Not the error message you want to see on your database cluster.
A problem with your database server is never pleasant. But with your high availability cluster, it’s obviously a disaster. Recently, we’ve encountered this type of cluster problem twice. Two different customers with seemingly the same issue. That’s why we think more people will benefit from reading about our solution.
Failover fails: “The system could not find the environment option that was entered”
It started the same way with both customers. We had just patched the secondary node of the cluster and wanted to begin working on the primary node. To do this, we first perform a failover so we can free up the primary. But the failover fails.
The cluster role won’t come online on the secondary node. No matter what we try. The cluster log shows a specific error message:
Cluster resource ‘Cluster Name’ of type ‘Network Name’ in clustered role ‘Cluster Group‘ failed. The error code was ‘0xcb’ (‘The system could not find the environment option that was entered.’)
When you start googling, you come up empty-handed. You’ll find multiple cases of this error message, but they’re not failover clustering related:
- Missing Windir systems environment variable
- Corrupt Windows installation
- A 10-year-old Reddit post with someone who had the exact same problem but unfortunately: no solution
After extensive investigation with Procmon, we discovered that two crucial registry values were empty on the secondary:
The values:
- HKEY_LOCAL_MACHINE\SYSTEM\CurrentControlSet\Services\Tcpip\Parameters\Domain
- HKEY_LOCAL_MACHINE\SYSTEM\CurrentControlSet\Services\Tcpip\Parameters\NV Domain
After entering the domain name there and performing a reboot of the secondary, everything worked properly again.
Root cause: “The system could not find the environment option that was entered”
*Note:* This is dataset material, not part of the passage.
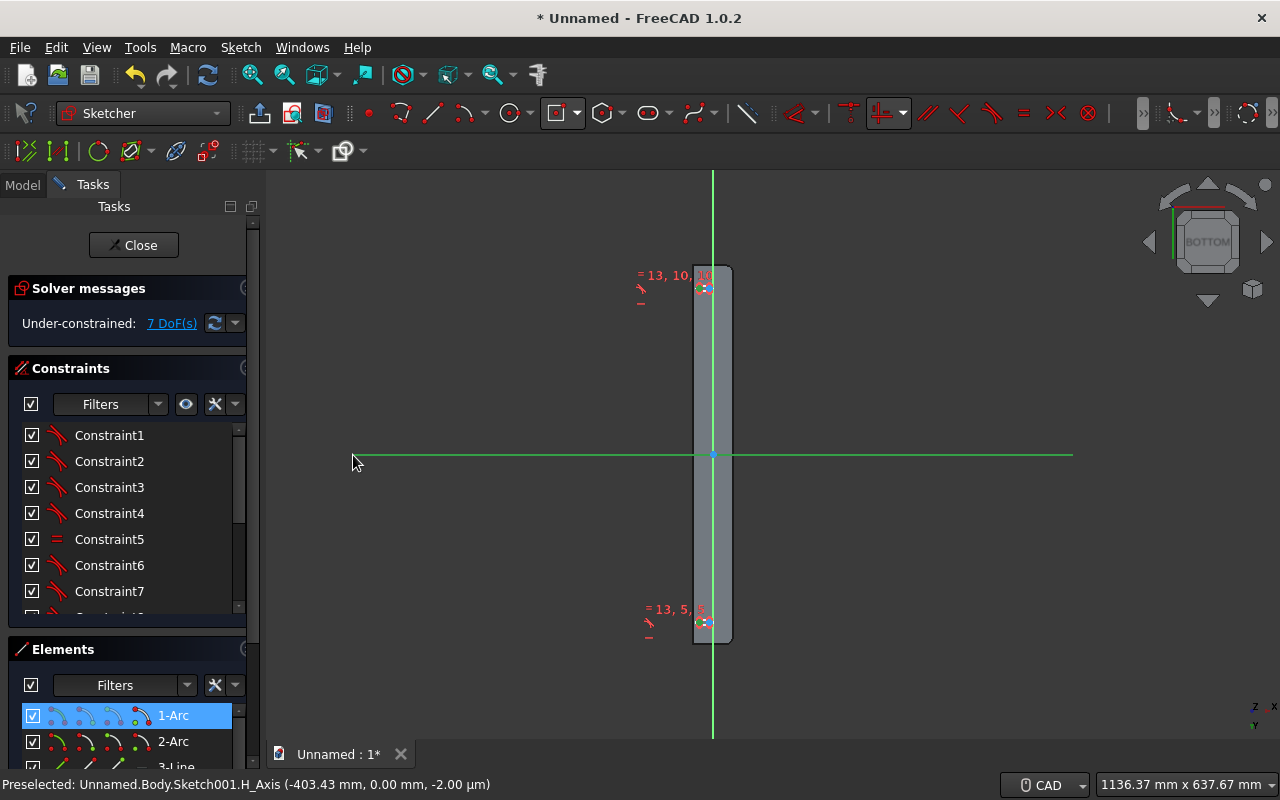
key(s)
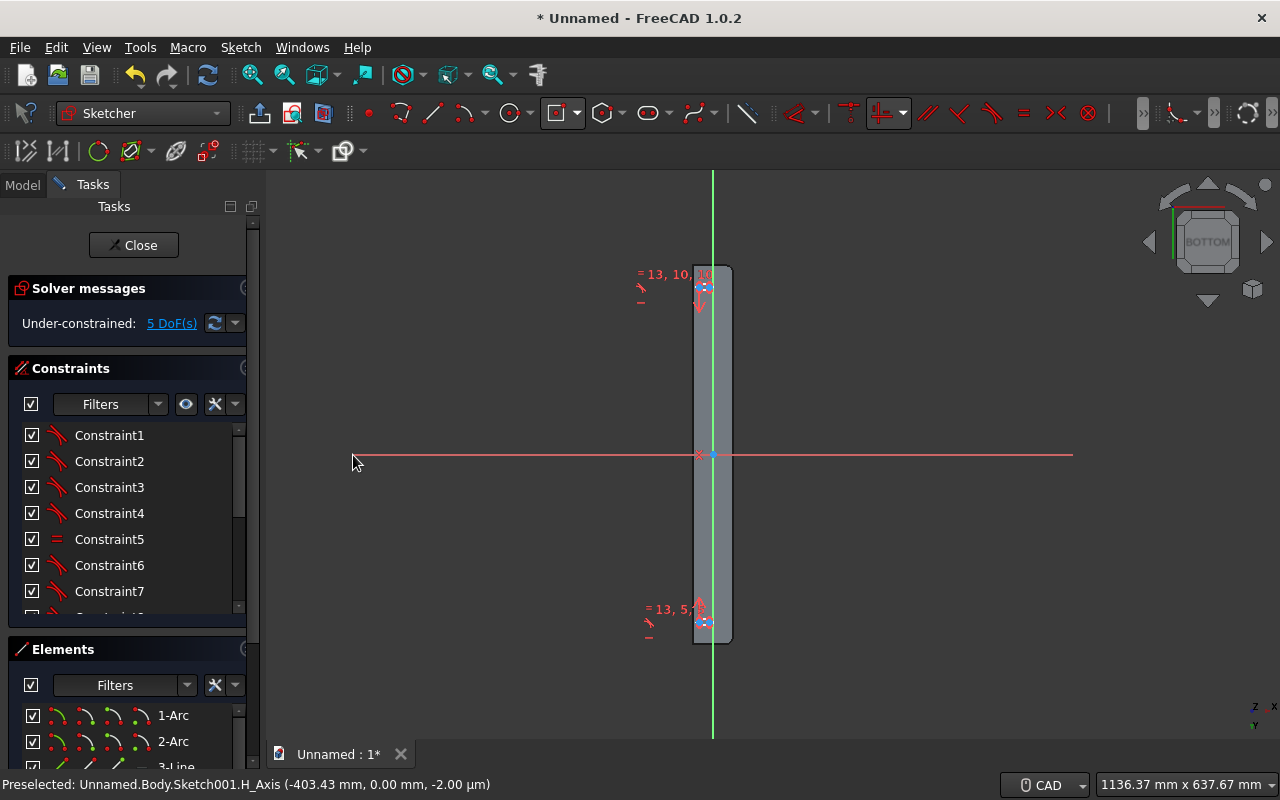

It’s obviously not normal behavior for these registry values to suddenly be empty on a domain member server. We’re therefore still working on finding a scenario where we can reproduce this exactly.
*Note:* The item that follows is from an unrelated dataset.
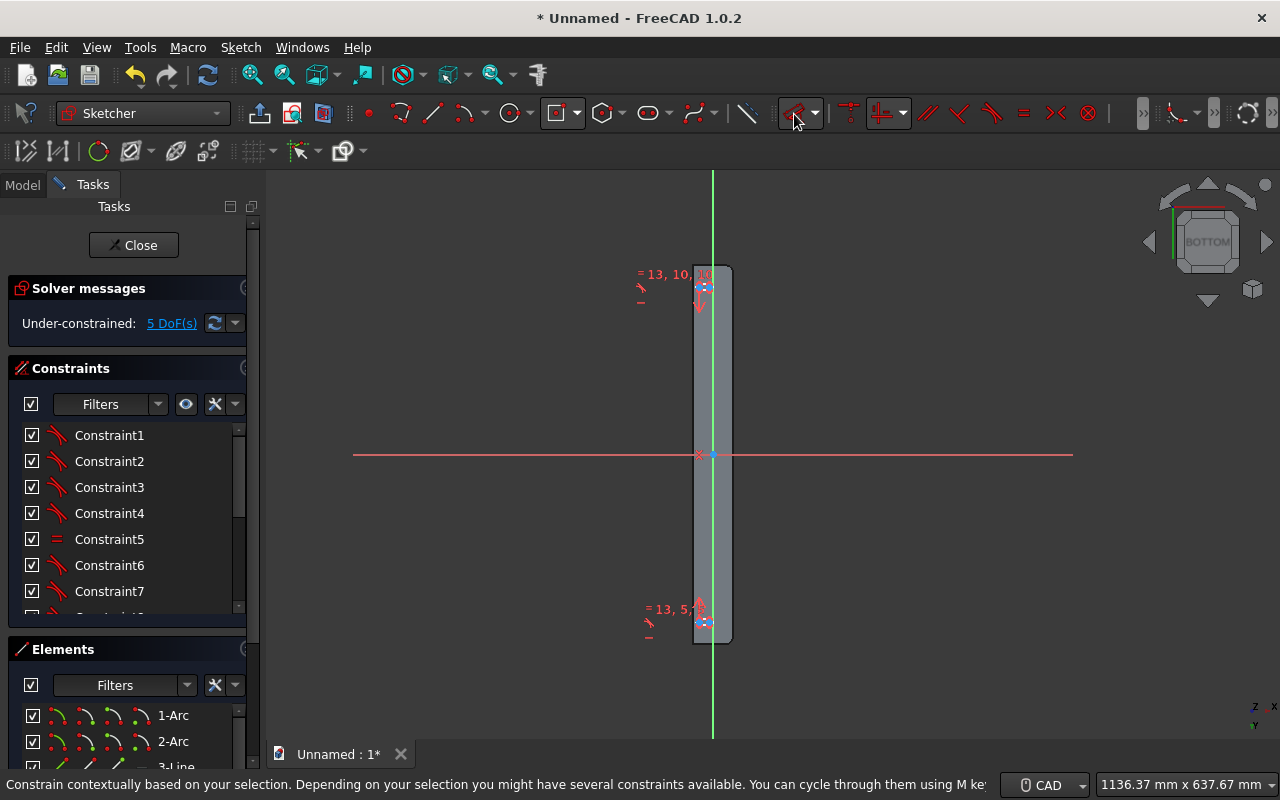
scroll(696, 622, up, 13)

With customer A, it appears to have occurred after a migration from Hyper-V to vSphere, which resulted in the NIC hardware of the cluster nodes being changed.
With customer B, it appears to have occurred after they replaced their DNS servers. As a result, they had to adjust the preferred and alternate DNS server settings on the NICs of the cluster nodes. The problem seems to have emerged after that.
With both customers, the values were only cleared on one node.
We suspect a bug, but the investigation is still ongoing. We’ll provide an update when the root cause is found.